Purpose : Transducin is a heterotrimeric G protein which is a component of this phototransduction cascade. The rod-specific Transducin α-subunit, Gnat1, is known to regulate light/dark adaptation by changing its subcellular localization depending on light. Our previous study revealed that Gnat1 translocation in rod photoreceptor cells under the light/dark conditions requires the E3 ligase Klhl18-mediated ubiquitination and degradation of Unc119, a Gnat1-binding protein. A mutation in the human UNC119 gene is known to be associated with cone-rod dystrophy; however, its underlying pathological mechanism remains unclear.

Methods : In order to investigate the mechanism of cone-rod dystrophy caused by UNC119 mutation, we generated Unc119-deficient (Unc119^-/-) mice. We performed ERG and histological analyses at 1 month (1M), 6 M, and 12M in the retina. In addition, we performed biochemical analyses using the HEK293T cell line to investigate whether and how the human UNC119 mutation affects the UNC119 function.

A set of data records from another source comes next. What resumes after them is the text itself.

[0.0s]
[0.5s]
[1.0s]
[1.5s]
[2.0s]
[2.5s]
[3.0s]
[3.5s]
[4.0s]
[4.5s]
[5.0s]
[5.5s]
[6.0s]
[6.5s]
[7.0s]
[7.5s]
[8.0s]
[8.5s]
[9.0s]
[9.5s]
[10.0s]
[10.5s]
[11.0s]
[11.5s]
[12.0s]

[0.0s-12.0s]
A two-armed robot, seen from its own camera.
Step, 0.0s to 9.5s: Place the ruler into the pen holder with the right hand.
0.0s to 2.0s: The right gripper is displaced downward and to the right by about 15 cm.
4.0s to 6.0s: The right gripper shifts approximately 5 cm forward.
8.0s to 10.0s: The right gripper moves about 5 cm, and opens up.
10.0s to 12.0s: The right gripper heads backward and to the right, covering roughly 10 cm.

Results : ERG analyses showed that photopic responses in Unc119^-/- mice were lower than those in the control mice both at 1 M and 6 M. Unc119^-/- mice exhibited reduced photopic and scotopic responses compared to those in control mice at 12 M. We immunostained cone and rod outer segments at 1M, 6M, and 12M. While we observed outer segments degeneration and mislocalization of cone opsins only in cones at 1M and 6M, disorganized rod and cone outer segments were observed in the Unc119^-/- retina at 12M. Co-immunoprecipitation analysis showed that UNC119 binds to GNAT2 and NPHP3. In addition, we observed that human UNC119 mutation inhibits the interaction of UNC119 with GNAT1, GNAT2, and NPHP3.

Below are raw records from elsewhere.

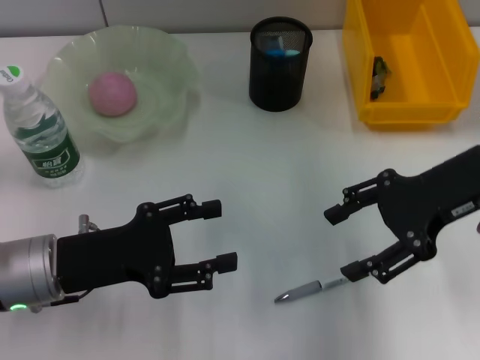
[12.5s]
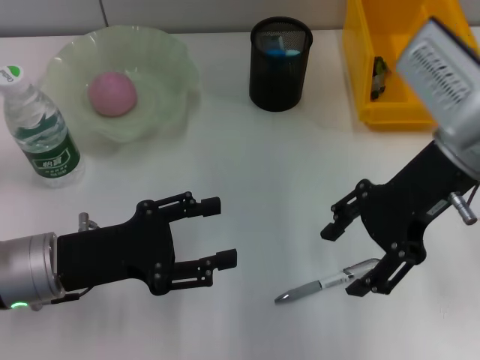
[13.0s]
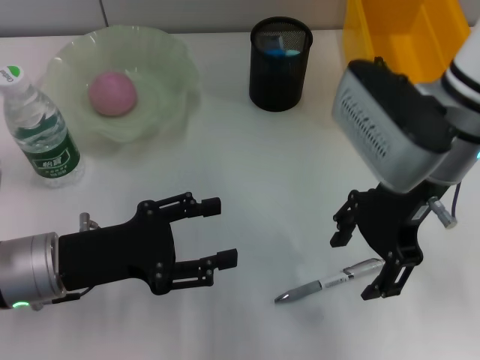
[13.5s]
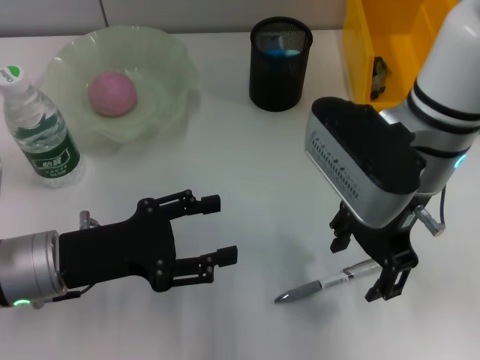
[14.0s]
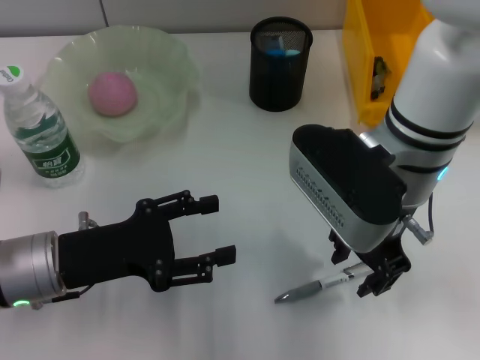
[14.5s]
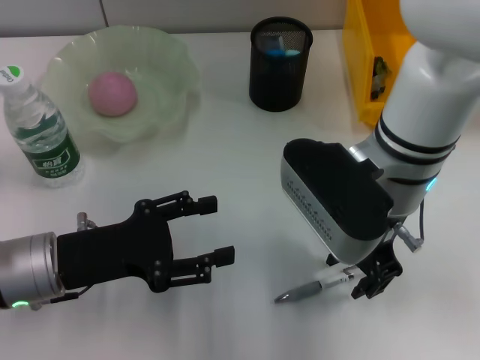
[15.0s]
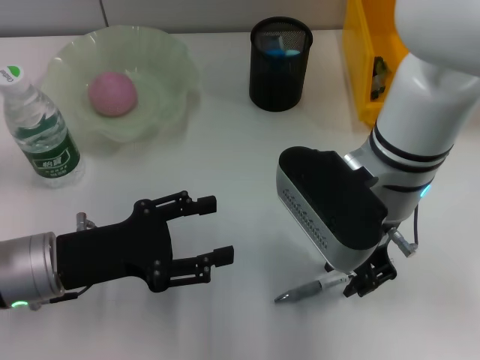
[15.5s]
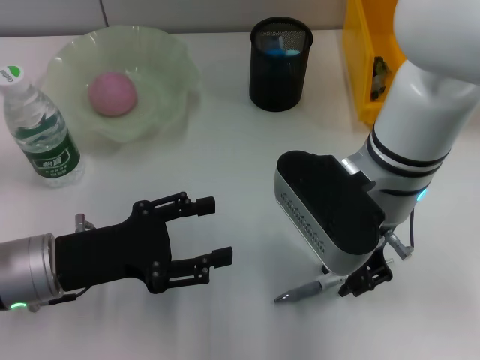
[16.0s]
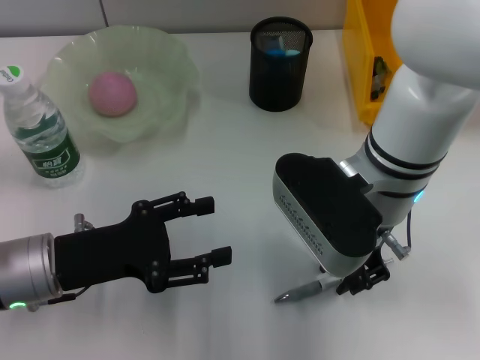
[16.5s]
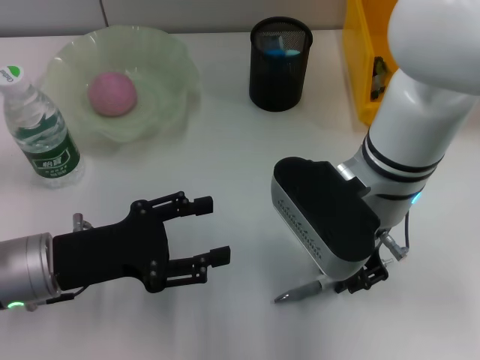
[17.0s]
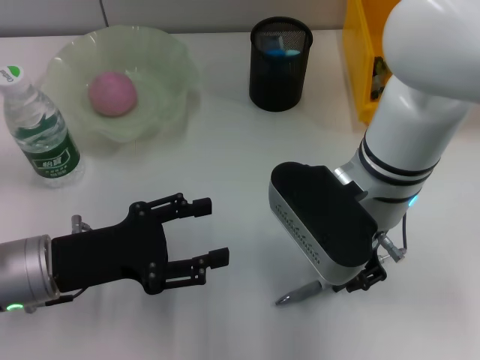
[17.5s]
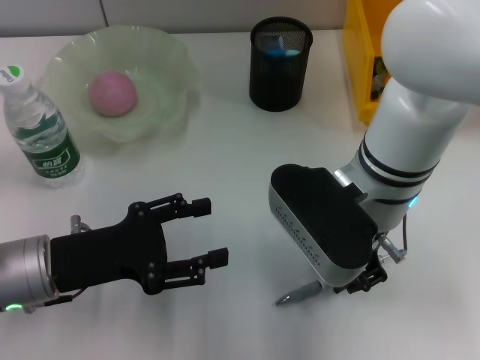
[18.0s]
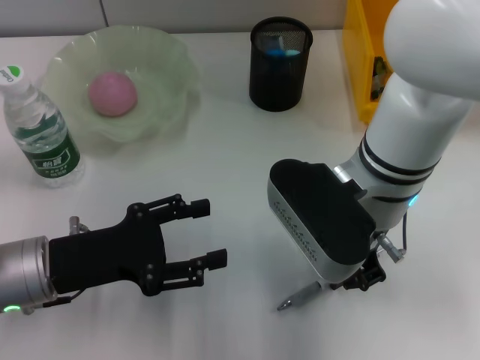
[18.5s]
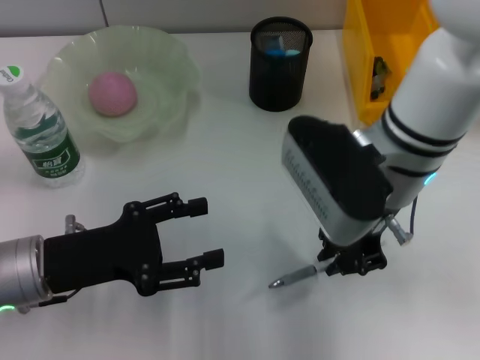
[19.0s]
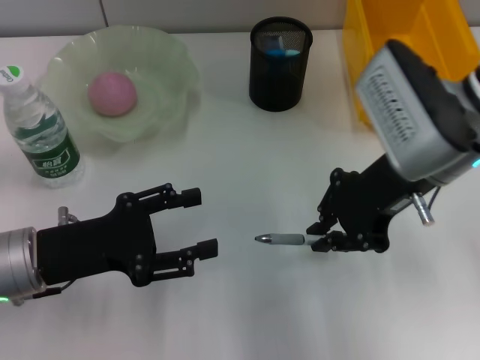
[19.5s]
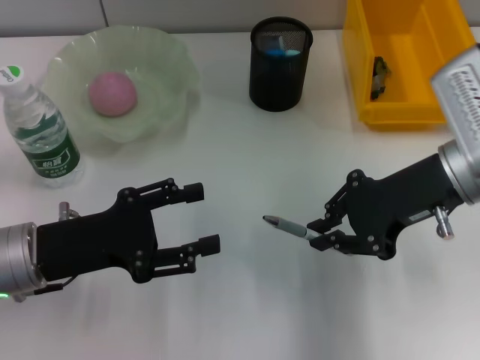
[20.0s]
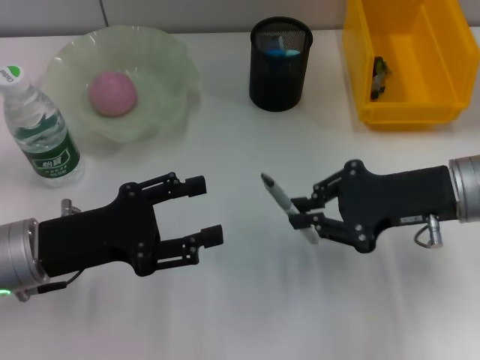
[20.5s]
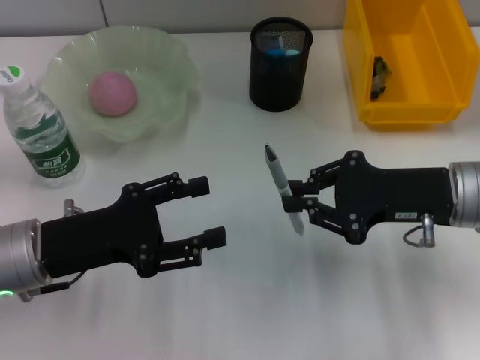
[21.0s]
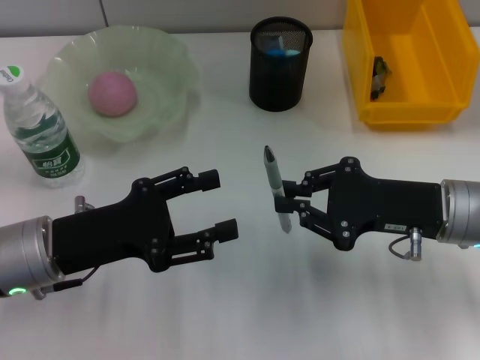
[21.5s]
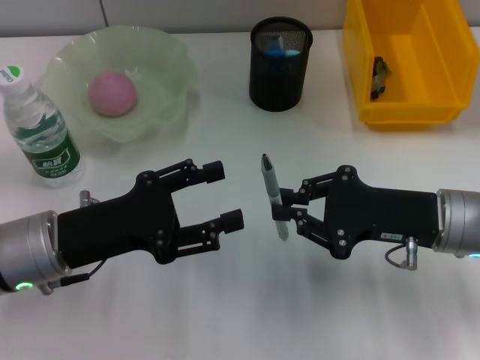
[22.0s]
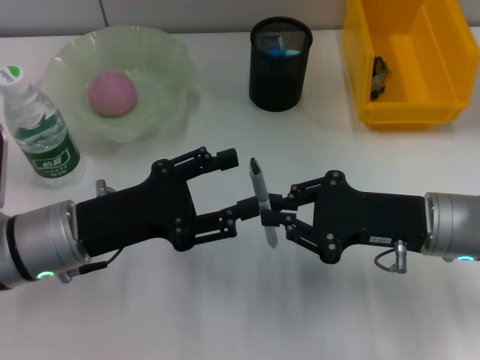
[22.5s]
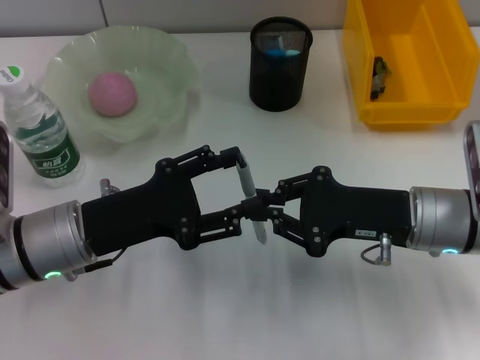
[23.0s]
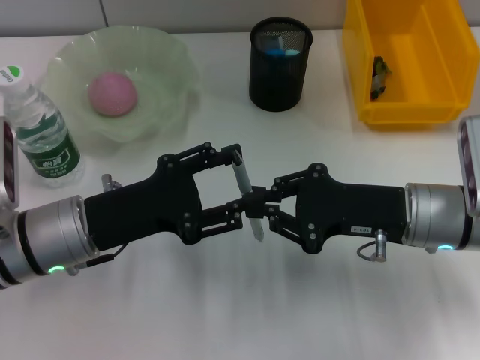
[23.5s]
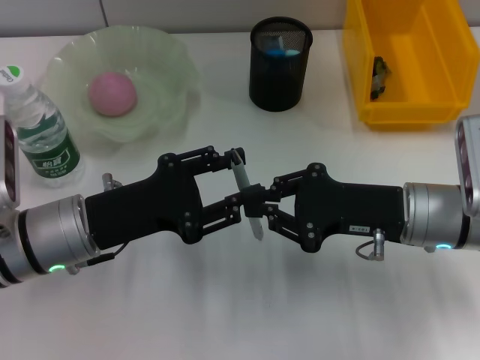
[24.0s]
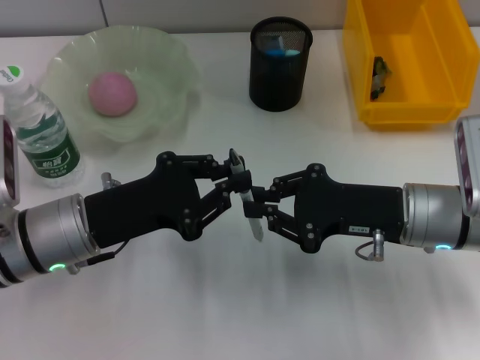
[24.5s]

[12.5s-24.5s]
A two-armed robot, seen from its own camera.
Step, 12.5s to 18.0s: Grab the gray spring-action pen with the right hand.
12.5s to 14.5s: The right gripper travels to the left by some 15 cm.
14.5s to 16.5s: The right gripper closes.
16.5s to 18.5s: Both grippers stay put.
18.5s to 20.5s: The right gripper heads to the right, covering about 15 cm.
20.5s to 22.5s: The right gripper moves roughly 5 cm.
22.5s to 24.5s: The left gripper closes up.

Conclusions : Our results suggest that the Unc119 deficiency leads to progressive photoreceptor degeneration, such as cone-rod dystrophy. GNAT1, GNAT2, and NPHP3 mutations are known to cause retinal degeneration diseases in human; therefore, human UNC119 mutation may inhibit these proteins function. Our current study will advance our understanding of the function of G proteins in the retina and the pathological mechanism of cone-rod dystrophy.

This abstract was presented at the 2024 ARVO Annual Meeting, held in Seattle, WA, May 5-9, 2024.